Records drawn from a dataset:
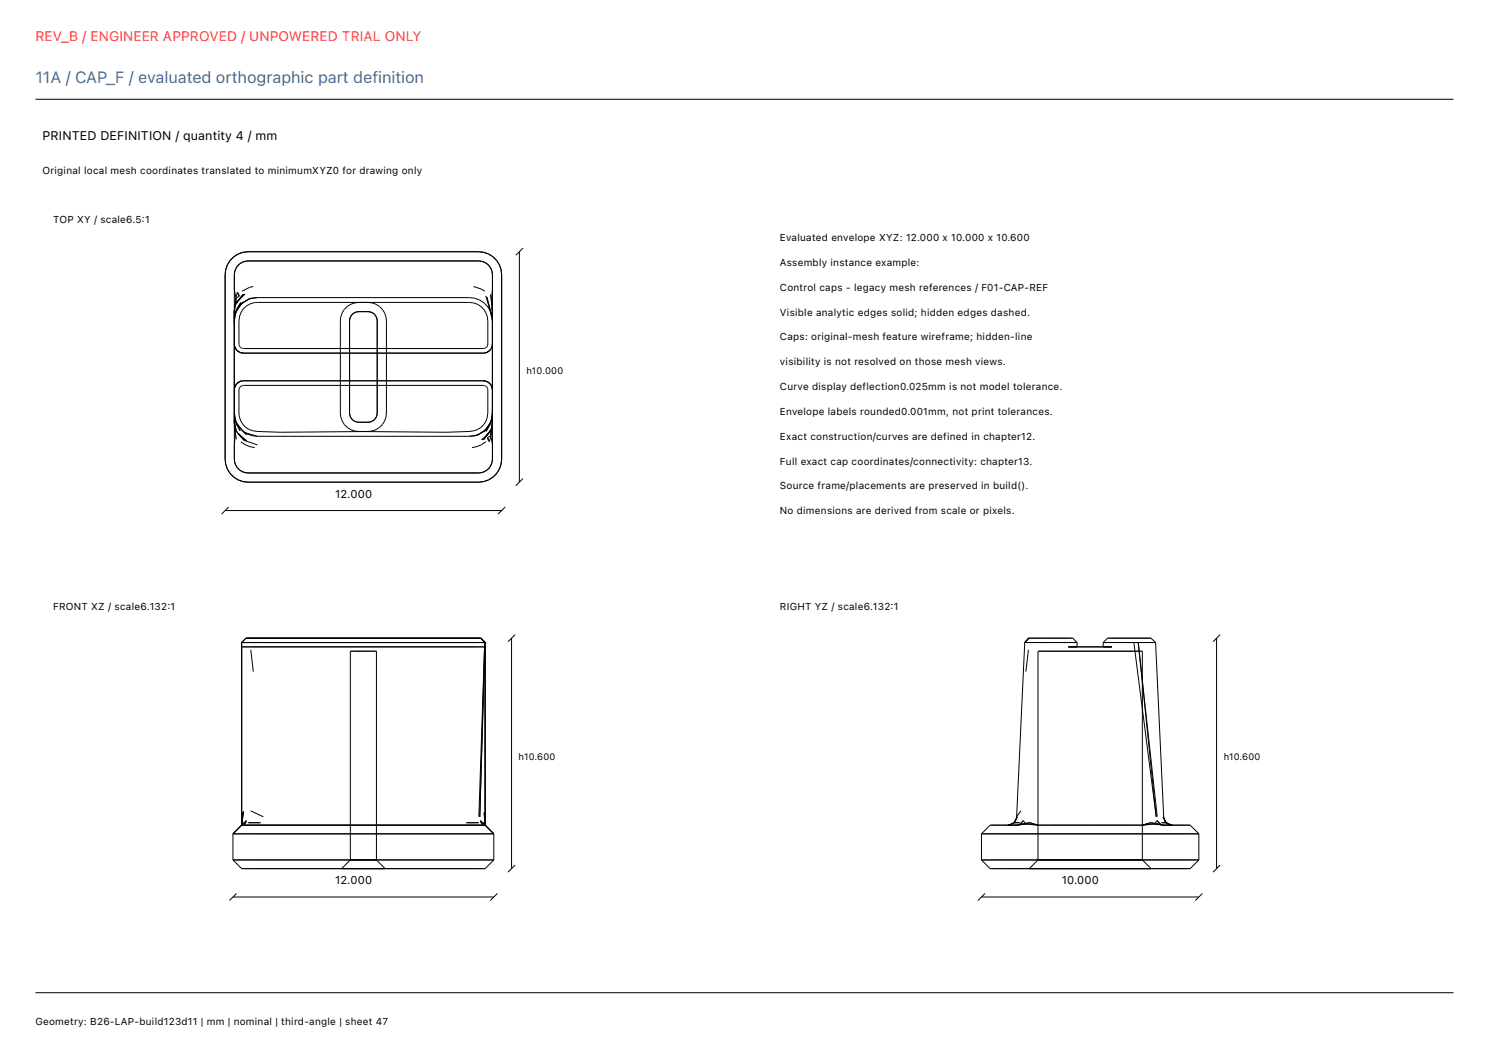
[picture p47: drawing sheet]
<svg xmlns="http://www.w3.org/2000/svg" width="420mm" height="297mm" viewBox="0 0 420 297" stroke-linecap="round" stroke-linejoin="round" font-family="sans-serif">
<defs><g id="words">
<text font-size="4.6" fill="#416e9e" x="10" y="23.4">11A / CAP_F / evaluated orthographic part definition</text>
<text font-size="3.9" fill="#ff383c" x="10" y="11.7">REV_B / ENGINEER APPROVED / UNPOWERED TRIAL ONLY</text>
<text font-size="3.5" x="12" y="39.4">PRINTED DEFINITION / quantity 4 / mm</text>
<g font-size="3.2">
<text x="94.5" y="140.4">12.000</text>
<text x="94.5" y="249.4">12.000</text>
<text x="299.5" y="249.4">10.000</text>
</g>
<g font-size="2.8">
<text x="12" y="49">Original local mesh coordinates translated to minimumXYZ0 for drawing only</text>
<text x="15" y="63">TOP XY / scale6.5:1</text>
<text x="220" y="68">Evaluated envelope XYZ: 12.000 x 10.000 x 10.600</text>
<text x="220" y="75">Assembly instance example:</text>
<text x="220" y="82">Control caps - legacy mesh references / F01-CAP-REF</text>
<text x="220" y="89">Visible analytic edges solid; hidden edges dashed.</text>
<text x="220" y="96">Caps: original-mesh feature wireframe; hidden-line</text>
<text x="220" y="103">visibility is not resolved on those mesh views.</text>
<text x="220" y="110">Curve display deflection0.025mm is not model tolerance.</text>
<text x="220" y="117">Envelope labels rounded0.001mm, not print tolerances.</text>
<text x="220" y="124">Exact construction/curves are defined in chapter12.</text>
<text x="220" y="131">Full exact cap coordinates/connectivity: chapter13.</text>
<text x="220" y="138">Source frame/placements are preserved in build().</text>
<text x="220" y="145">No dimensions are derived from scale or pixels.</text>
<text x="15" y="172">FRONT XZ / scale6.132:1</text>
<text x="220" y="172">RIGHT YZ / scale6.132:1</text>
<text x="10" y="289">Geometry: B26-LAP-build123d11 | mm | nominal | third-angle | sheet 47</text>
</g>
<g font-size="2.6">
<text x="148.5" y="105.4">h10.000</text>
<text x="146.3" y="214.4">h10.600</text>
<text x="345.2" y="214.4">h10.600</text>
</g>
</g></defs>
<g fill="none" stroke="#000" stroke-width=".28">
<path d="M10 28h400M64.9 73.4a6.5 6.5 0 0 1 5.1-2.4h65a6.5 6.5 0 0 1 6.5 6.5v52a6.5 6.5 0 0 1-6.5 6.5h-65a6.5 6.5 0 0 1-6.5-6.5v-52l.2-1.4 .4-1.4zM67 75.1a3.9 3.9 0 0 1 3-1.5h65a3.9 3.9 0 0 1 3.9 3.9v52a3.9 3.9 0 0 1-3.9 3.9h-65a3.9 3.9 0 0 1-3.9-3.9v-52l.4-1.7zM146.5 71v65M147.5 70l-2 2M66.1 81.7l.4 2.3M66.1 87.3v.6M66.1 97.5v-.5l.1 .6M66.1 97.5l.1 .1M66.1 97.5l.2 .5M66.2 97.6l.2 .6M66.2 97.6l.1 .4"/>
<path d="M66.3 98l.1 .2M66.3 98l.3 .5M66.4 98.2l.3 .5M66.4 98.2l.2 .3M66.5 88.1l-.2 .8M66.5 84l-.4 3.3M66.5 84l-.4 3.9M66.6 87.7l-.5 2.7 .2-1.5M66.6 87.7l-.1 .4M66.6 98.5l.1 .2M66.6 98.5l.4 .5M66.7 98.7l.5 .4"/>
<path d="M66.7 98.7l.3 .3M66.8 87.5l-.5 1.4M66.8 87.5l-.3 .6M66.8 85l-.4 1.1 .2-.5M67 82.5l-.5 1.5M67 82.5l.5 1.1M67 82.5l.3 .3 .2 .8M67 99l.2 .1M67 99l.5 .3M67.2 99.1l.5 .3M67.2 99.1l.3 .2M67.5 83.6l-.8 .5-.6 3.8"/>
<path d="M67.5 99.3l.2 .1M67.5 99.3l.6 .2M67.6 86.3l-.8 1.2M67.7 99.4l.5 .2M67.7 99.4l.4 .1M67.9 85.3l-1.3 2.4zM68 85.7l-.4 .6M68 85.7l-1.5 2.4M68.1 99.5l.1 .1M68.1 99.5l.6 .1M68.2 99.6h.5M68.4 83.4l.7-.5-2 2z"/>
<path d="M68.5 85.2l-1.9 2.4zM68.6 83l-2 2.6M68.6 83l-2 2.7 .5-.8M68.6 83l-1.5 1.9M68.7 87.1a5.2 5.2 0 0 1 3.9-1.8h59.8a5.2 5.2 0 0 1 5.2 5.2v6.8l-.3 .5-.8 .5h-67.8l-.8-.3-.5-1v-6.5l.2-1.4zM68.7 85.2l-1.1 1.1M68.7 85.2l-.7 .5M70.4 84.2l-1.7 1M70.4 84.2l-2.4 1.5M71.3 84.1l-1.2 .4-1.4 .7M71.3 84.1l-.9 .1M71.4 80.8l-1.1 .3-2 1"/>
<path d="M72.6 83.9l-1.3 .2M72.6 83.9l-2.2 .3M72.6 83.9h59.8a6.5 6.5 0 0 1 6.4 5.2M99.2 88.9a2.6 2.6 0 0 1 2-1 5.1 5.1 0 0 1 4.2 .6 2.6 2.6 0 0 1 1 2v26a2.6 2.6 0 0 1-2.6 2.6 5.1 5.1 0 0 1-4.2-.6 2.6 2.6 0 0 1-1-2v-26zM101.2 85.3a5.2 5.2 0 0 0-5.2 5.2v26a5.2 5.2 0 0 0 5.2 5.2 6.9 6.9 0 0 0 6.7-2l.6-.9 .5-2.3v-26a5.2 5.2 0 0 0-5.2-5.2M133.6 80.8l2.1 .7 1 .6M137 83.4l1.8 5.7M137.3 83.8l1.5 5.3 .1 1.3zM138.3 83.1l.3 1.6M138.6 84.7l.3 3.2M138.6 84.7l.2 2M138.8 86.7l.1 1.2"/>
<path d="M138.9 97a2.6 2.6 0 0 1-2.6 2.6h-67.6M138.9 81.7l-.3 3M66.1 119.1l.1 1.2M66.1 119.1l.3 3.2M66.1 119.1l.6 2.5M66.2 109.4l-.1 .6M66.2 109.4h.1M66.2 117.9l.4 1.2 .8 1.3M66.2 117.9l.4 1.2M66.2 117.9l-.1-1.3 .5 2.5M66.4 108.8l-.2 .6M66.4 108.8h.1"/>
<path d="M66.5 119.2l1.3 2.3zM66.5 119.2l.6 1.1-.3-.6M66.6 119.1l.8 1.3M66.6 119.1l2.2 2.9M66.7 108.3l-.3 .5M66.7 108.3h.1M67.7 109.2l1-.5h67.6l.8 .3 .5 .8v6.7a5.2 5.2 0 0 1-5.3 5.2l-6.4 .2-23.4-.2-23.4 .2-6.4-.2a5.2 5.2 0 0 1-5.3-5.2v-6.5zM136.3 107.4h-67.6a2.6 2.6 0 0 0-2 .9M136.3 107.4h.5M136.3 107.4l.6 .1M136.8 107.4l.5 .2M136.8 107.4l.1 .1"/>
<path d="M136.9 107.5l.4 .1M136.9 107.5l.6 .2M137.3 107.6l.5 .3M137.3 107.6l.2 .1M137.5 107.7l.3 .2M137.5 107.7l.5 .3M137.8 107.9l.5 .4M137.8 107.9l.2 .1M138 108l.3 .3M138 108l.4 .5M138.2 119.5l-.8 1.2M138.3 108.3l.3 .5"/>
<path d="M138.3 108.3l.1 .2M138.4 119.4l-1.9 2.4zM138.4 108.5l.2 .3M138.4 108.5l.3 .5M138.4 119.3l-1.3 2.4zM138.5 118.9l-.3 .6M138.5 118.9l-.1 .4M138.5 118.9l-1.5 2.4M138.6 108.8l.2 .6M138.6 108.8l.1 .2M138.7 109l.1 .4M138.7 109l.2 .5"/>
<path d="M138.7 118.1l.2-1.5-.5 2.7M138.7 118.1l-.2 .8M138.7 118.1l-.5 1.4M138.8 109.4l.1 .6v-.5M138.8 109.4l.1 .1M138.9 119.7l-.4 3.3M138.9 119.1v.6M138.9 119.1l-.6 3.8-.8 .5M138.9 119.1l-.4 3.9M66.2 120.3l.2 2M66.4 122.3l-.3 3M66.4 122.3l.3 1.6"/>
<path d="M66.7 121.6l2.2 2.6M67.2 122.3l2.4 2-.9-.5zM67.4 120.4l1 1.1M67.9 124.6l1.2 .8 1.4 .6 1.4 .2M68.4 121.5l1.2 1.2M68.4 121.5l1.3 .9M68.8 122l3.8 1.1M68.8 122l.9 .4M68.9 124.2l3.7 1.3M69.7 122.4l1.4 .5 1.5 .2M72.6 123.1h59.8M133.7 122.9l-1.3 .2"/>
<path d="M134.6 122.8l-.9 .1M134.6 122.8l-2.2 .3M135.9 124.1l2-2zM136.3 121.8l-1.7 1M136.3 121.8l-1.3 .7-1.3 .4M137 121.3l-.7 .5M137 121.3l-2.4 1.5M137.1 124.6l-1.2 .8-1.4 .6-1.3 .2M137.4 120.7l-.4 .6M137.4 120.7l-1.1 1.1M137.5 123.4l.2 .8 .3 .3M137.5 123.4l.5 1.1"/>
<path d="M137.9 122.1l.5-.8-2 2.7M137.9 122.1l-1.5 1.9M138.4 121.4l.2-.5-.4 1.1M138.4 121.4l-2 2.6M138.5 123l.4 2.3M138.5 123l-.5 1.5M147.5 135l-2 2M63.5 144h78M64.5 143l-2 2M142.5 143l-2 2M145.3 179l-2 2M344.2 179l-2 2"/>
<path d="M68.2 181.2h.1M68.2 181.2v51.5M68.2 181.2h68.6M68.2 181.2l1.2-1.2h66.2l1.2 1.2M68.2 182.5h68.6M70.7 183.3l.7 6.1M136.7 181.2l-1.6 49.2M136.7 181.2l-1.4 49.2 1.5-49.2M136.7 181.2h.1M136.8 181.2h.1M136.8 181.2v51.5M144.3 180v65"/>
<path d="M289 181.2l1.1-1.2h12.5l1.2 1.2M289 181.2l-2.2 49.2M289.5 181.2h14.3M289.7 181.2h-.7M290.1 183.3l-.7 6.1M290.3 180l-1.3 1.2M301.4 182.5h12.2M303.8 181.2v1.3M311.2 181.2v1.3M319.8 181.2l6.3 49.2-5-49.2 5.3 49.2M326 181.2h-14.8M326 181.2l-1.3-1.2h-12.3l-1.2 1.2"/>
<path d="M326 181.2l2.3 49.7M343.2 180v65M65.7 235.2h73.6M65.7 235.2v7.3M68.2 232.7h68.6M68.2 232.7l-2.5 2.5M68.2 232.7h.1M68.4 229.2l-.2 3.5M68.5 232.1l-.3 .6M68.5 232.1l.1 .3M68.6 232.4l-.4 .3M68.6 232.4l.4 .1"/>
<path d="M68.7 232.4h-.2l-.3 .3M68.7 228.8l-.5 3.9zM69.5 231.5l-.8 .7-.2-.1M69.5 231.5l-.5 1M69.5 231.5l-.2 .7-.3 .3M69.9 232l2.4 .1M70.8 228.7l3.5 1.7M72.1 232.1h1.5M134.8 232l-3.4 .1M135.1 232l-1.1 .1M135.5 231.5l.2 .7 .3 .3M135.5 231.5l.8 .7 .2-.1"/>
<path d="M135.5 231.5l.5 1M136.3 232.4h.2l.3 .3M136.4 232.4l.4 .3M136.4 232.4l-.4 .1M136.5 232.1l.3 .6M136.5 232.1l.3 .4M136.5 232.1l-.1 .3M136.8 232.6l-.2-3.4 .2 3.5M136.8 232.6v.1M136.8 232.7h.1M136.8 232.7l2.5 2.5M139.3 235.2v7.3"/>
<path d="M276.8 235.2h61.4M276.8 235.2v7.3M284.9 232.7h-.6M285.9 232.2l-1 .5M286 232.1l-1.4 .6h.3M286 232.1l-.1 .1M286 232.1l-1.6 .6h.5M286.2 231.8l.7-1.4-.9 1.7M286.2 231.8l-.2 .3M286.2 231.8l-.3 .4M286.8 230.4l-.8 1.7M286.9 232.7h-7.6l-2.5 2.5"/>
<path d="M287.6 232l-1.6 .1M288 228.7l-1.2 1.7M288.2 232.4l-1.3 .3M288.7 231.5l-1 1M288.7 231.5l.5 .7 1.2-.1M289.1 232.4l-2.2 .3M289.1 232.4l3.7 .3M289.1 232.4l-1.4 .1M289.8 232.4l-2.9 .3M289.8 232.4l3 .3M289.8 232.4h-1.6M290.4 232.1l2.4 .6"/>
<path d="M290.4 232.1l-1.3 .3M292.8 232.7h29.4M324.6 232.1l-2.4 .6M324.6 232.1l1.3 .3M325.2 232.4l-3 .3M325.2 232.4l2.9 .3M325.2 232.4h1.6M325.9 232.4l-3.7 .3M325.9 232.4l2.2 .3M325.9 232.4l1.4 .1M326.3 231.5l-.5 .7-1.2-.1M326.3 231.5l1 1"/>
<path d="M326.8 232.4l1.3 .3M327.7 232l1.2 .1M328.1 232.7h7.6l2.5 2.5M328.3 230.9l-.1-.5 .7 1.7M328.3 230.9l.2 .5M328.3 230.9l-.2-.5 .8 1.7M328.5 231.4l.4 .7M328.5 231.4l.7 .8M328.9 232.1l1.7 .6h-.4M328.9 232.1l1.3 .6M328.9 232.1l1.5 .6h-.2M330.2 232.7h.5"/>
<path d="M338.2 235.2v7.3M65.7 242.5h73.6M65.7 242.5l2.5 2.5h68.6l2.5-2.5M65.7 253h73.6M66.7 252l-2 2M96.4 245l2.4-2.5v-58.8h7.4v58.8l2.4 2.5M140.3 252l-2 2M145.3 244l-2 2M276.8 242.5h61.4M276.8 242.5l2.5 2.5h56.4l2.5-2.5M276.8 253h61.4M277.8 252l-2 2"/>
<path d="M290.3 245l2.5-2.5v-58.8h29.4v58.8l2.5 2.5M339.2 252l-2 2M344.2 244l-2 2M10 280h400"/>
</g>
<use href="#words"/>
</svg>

Problem details:
The lines needed are those in the data above that hold the string "stroke"; copy each of them.

Solution for this exercise:
<svg xmlns="http://www.w3.org/2000/svg" width="420mm" height="297mm" viewBox="0 0 420 297" stroke-linecap="round" stroke-linejoin="round" font-family="sans-serif">
<g fill="none" stroke="#000" stroke-width=".28">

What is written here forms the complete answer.